Refer to the LLaMA-Factory model table for recommended values.


To Resume Training

Find your latest checkpoint under your saves folder, then add this flag:

--resume_from_checkpoint saves\Qwen1.5-1.8B-Chat-lora\checkpoint-400

Merge LoRA Adapter with Base Model

Edit the export_lora.yaml file to match your model:

# export_lora.yaml
base_model: Qwen/Qwen1.5-1.8B-Chat
lora_model: saves/Qwen1.5-1.8B-Chat-lora
output_dir: merged/Qwen1.5-1.8B-Chat-merged

Then run:

llamafactory-cli export export_lora.yaml

Chat Inference with Fine-Tuned Model

Test your merged model in an interactive shell:

llamafactory-cli chat ^
  --model_name_or_path merged/Qwen1.5-1.8B-Chat-merged ^
  --template qwen

Update --template to match the one used during training.

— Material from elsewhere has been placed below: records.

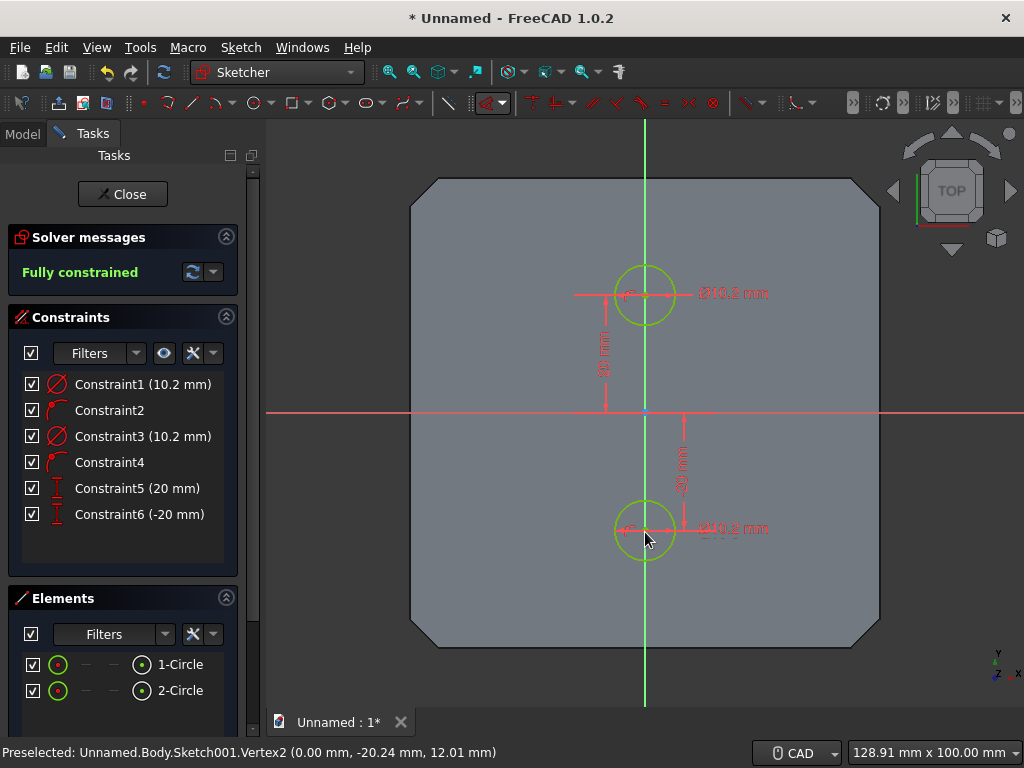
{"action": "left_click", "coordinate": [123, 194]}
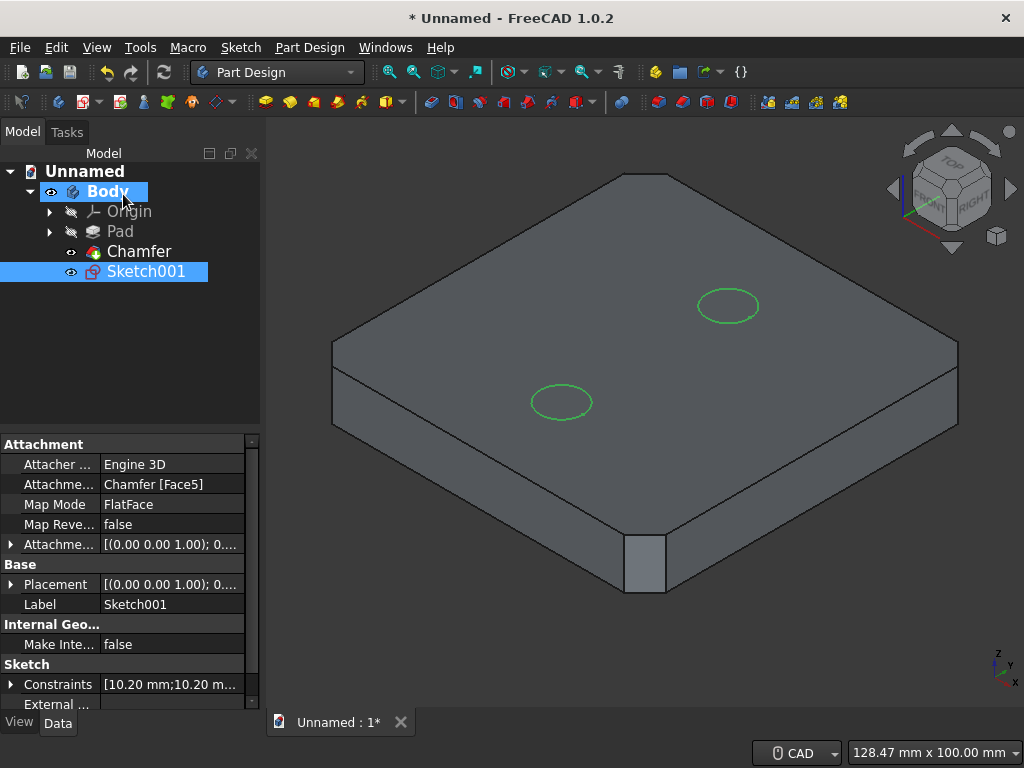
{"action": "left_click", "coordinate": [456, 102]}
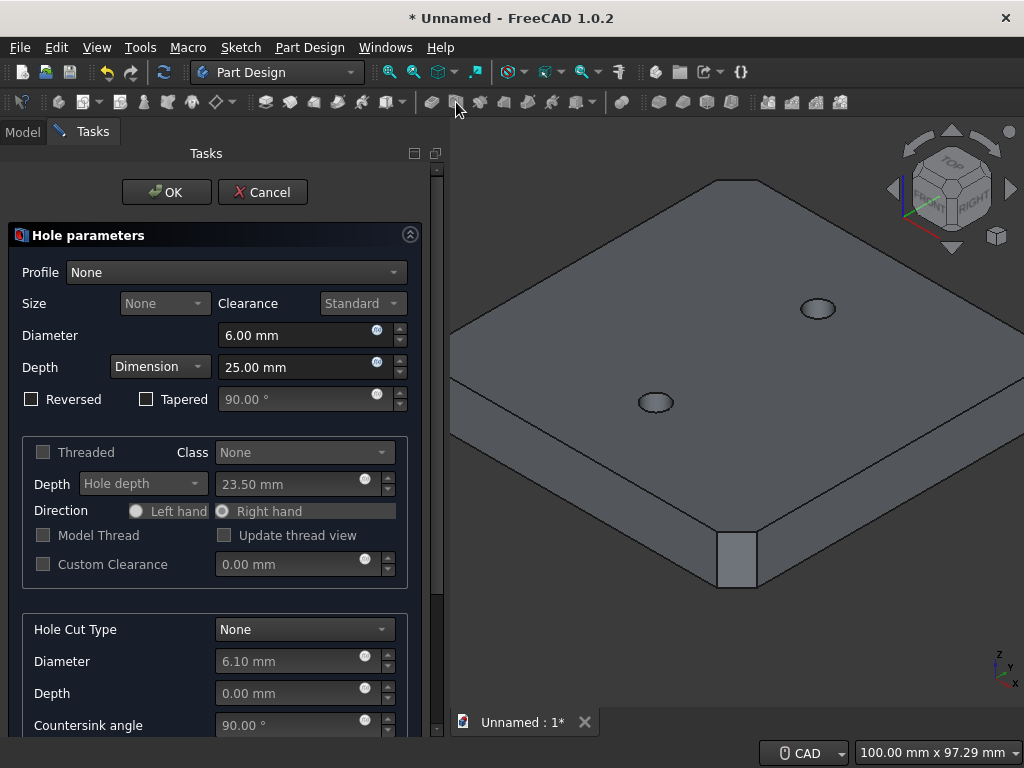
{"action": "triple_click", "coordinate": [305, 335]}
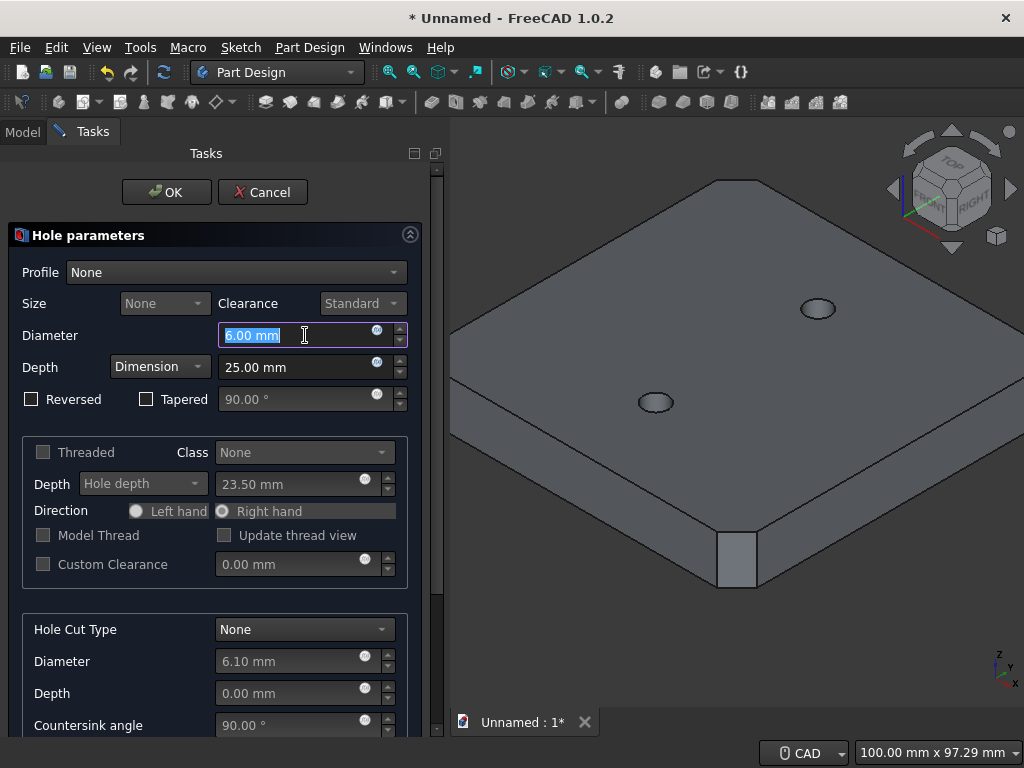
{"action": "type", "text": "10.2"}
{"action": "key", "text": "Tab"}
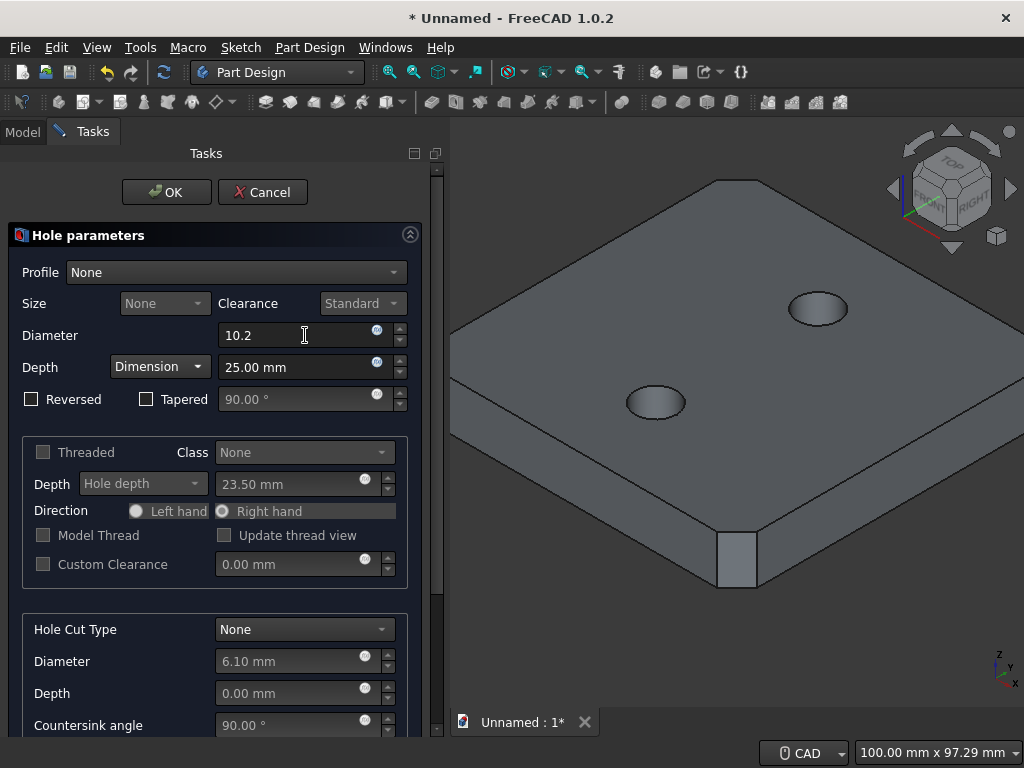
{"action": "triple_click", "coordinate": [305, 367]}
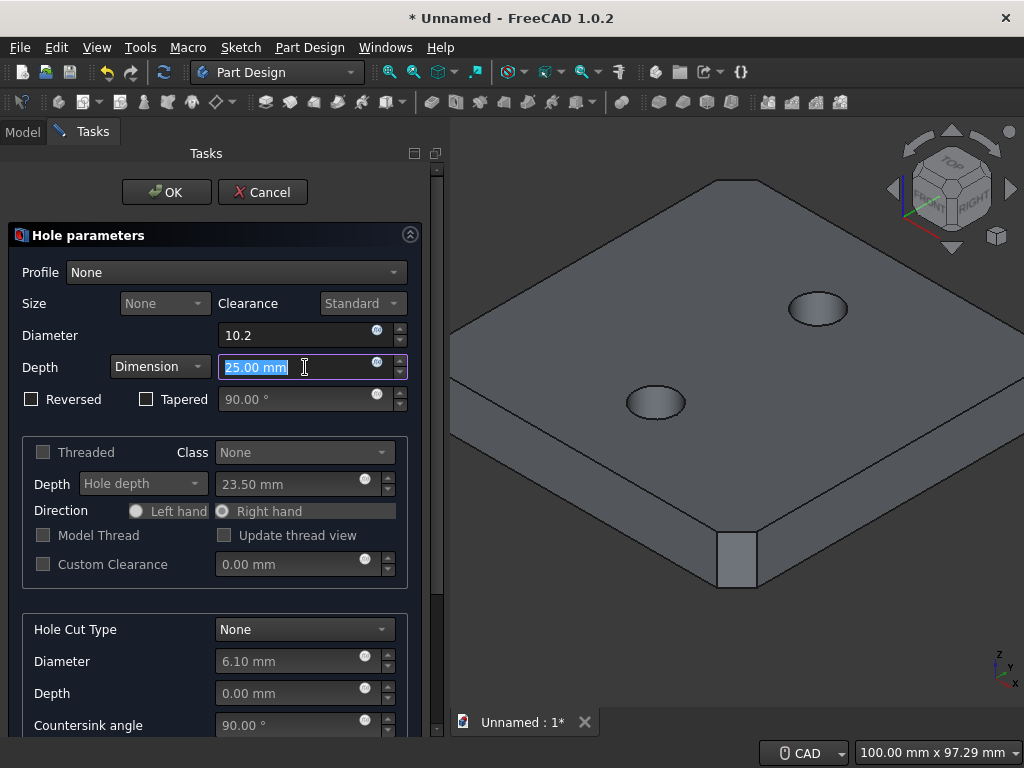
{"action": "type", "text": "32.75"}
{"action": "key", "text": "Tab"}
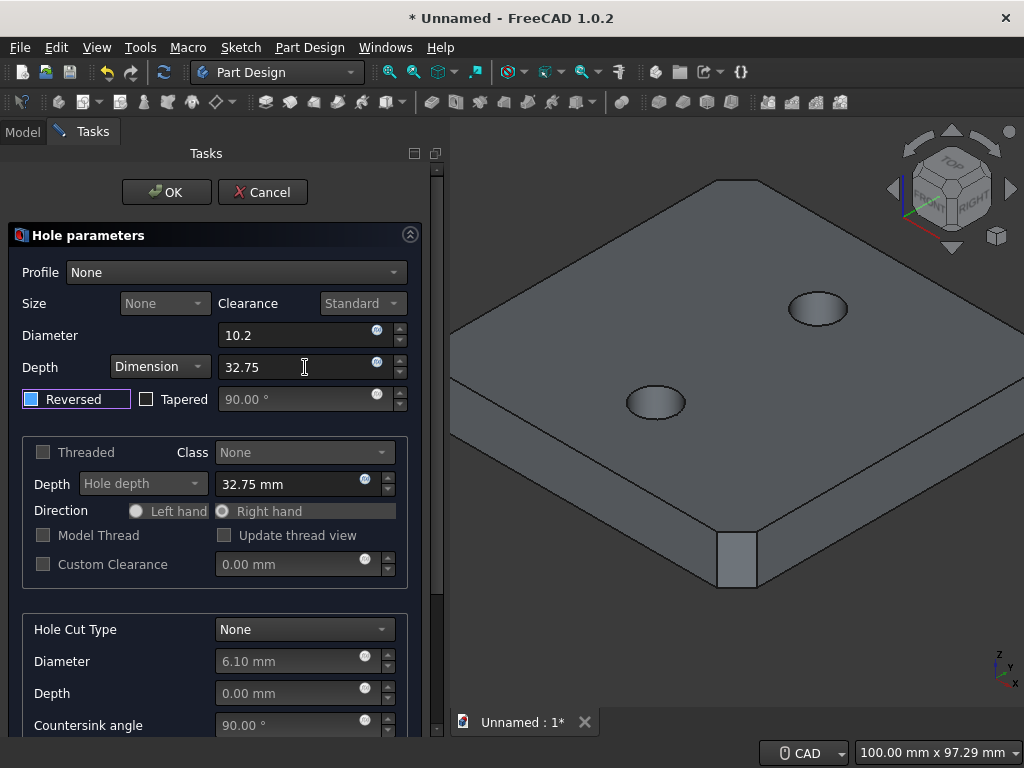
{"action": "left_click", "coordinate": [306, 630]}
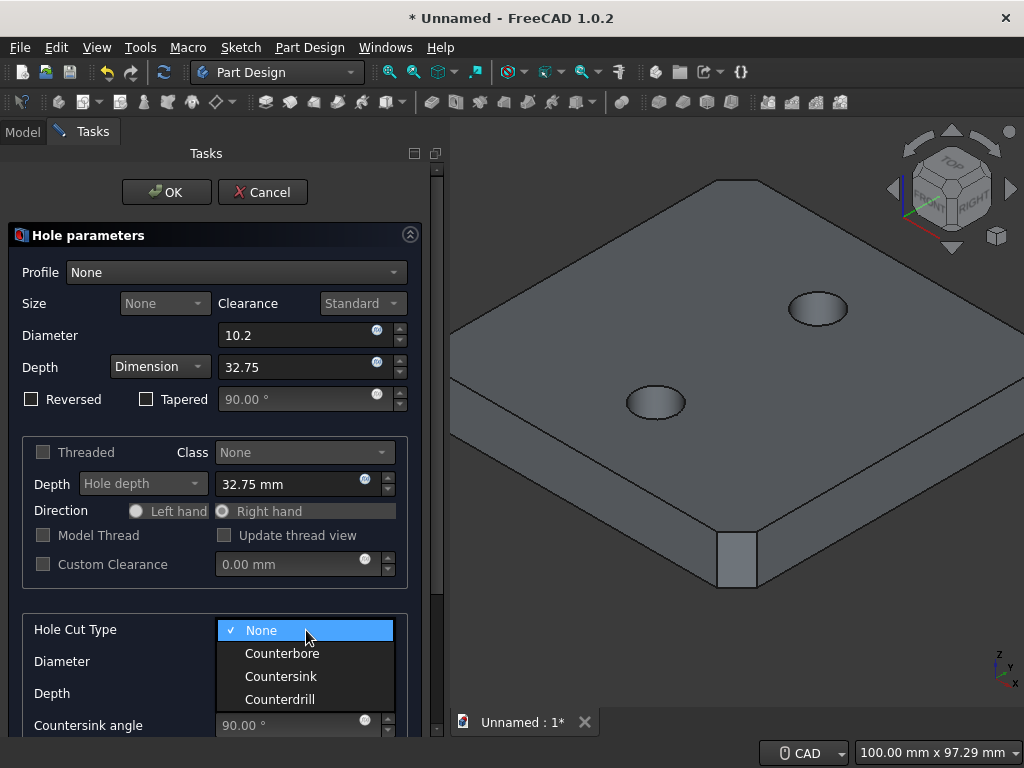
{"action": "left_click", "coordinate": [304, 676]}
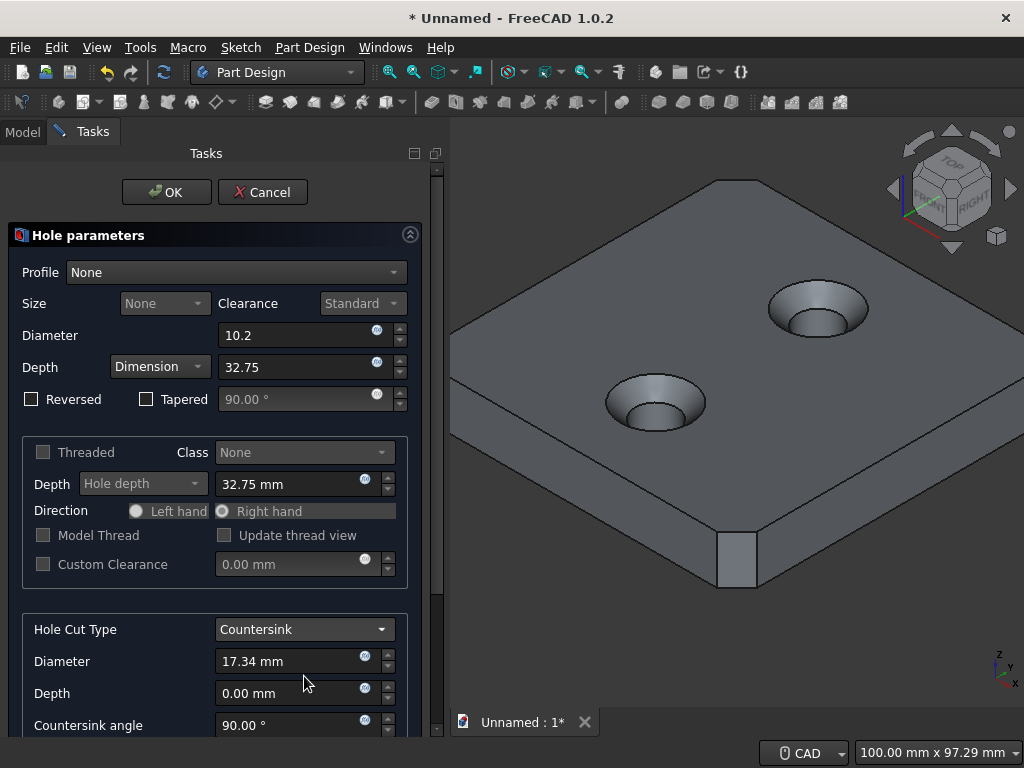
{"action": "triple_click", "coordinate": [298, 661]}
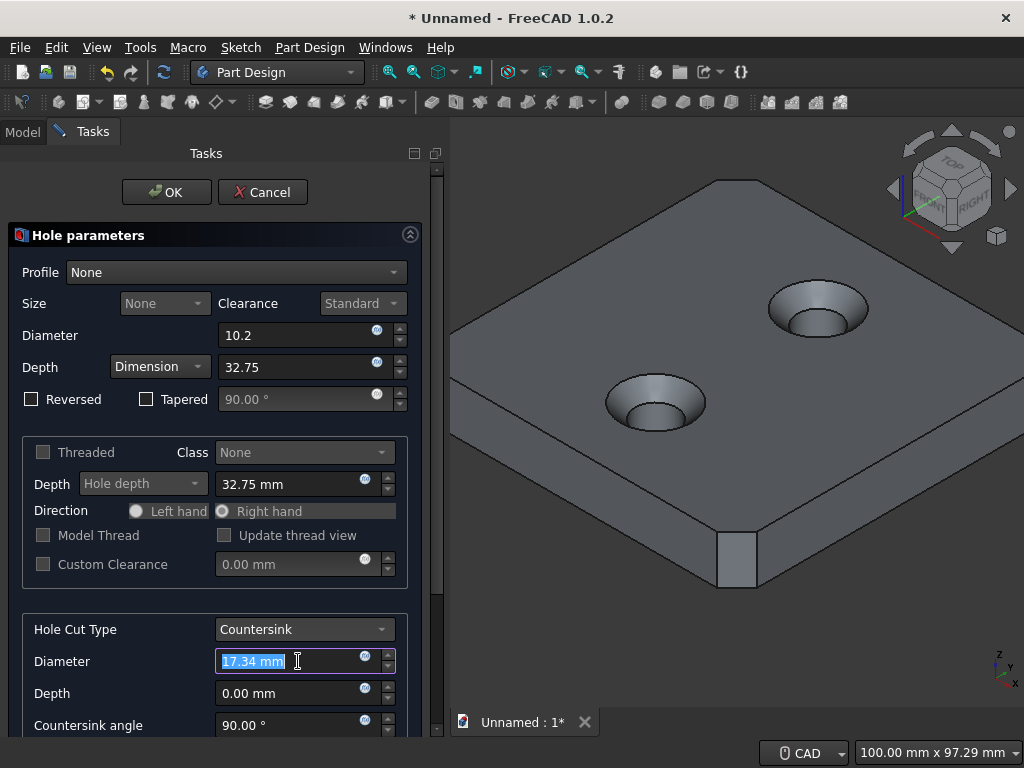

Manually Activate the Virtual Environment

If you’ve already run setup.bat, the virtual environment is created automatically. In future sessions, you can activate it manually before running any Python scripts:

Activate on Windows (Command Prompt)

venv\Scripts\activate

You should see the prompt change to show that the environment is active:

(venv) C:\Users\yourname\DialogSmith>

Once activated, you can run python, pip, or training commands as usual.